In 1845, the Dissenter Act was passed, allowing Christian church gatherings for services other than those of the Church of Norway. Lammers was ordained head minister (sogneprest) of Christians Church in Skien, but left the Church of Norway in July 1856. Andreas Hauge, son of the more well-known Hans Nielsen Hauge, then took over as head minister in Skien. Lammers then started Den frie apostolisk-christelige Menighed ('the Free Apostolic Christian Congregation'), the first dissenter congregation to break with the Church of Norway. The same year, he also published Forsvar for den frie apostolisk christelige Menighed og dens Forfatnings Grundtræk ('Defense of the Free Apostolic Christian Congregation and its ). Within several years, there were Lammers free churches and groups in some twenty locations in the country. After members of the new congregation began to practice rebaptism, Lammers returned to the state church in 1860. The congregation was dissolved in 1874.

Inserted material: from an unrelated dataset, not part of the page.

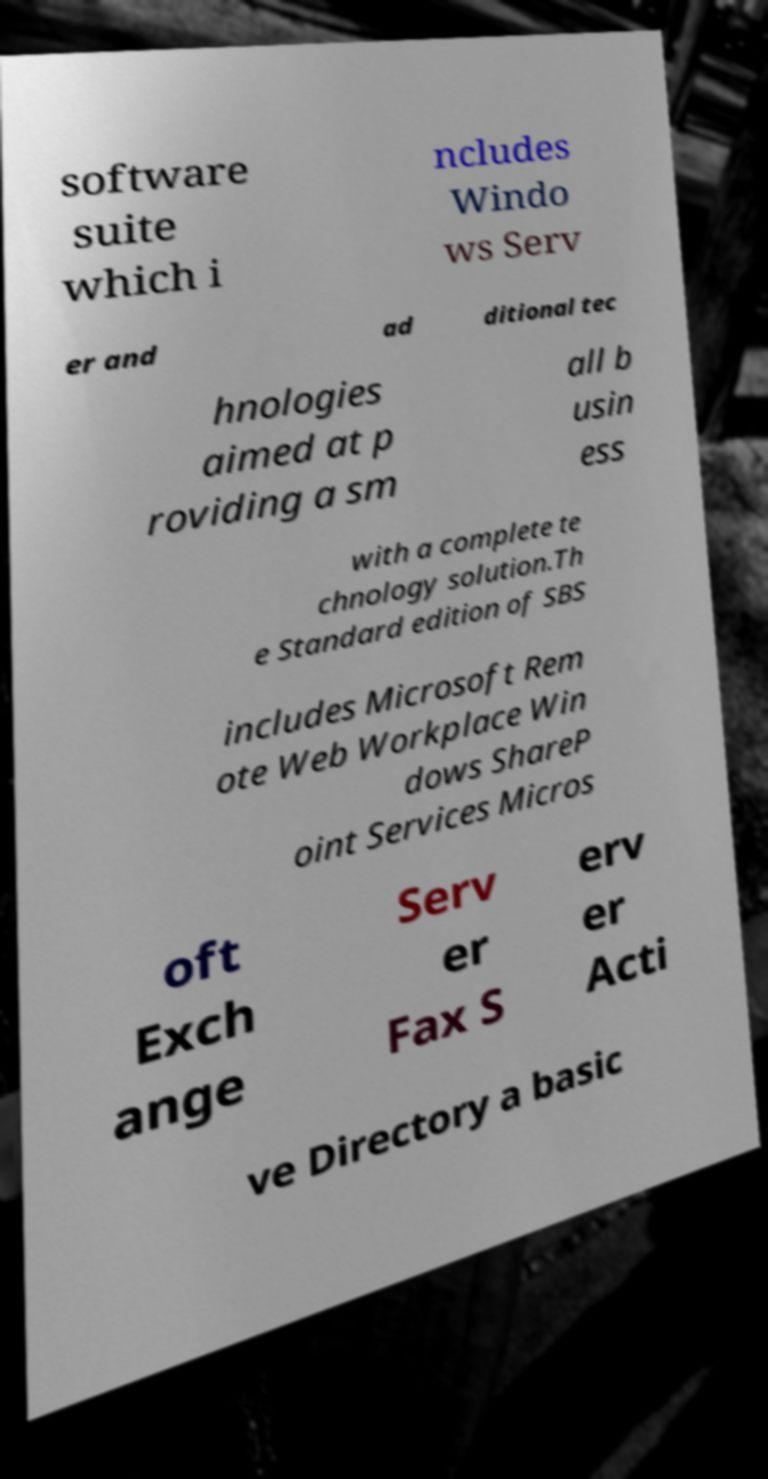For documentation purposes, I need the text within this image transcribed. Could you provide that? software suite which i ncludes Windo ws Serv er and ad ditional tec hnologies aimed at p roviding a sm all b usin ess with a complete te chnology solution.Th e Standard edition of SBS includes Microsoft Rem ote Web Workplace Win dows ShareP oint Services Micros oft Exch ange Serv er Fax S erv er Acti ve Directory a basic 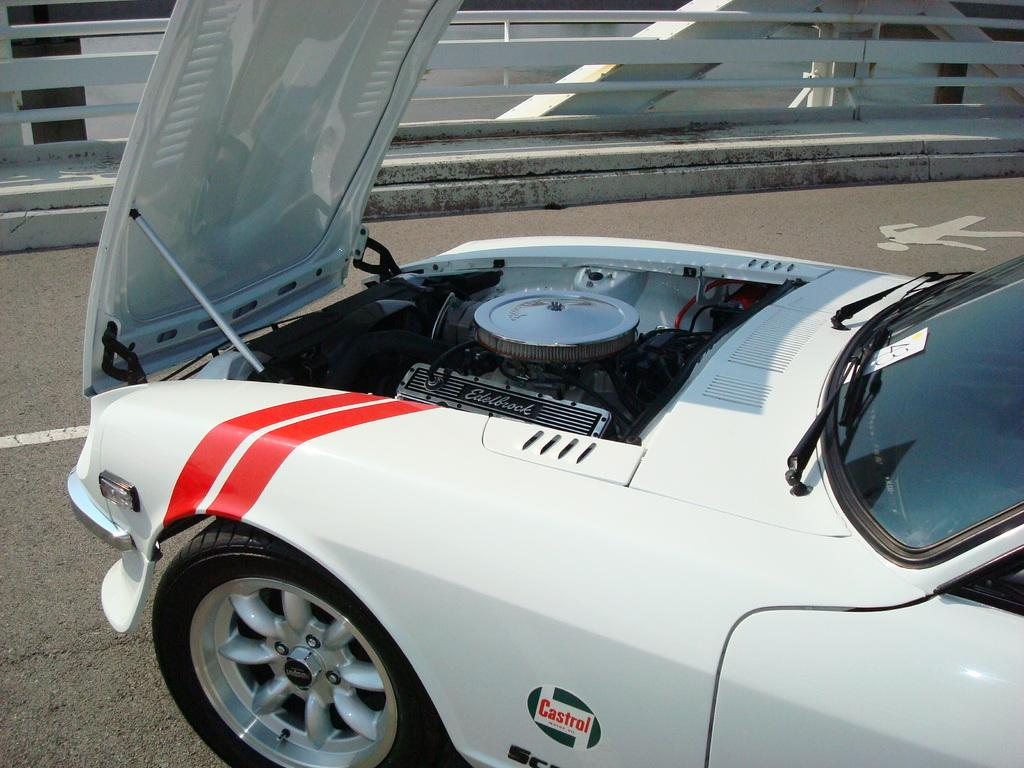What is the main subject in the foreground of the picture? There is a car in the foreground of the picture. What color is the car? The car is white. Where is the car located? The car is on the road. What can be seen in the center of the picture? There are railings, a footpath, and an iron frame in the center of the picture. How many cows are grazing in the field next to the car in the image? There is no field or cows present in the image; it features a car on the road with railings, a footpath, and an iron frame in the center.

Artistic interests took a greater place in Lammer's life after this. He also published several collections of hymns, including Christelig Psalmebog (Skien, 1852). He is buried at Lie Cemetery in Skien.

==Personal life==
In 1829, he married Henriette Nicoline Rode (1810–1898), daughter of military officer Hans Henrik Rode. Lammers was the uncle of singer Thorvald Lammers.

== Influence ==
The Mission Covenant Church of Norway considers Lammers one of its founders. Lammers was noted by Henrik Ibsen as an influence for the character of Brand in the play of the same name.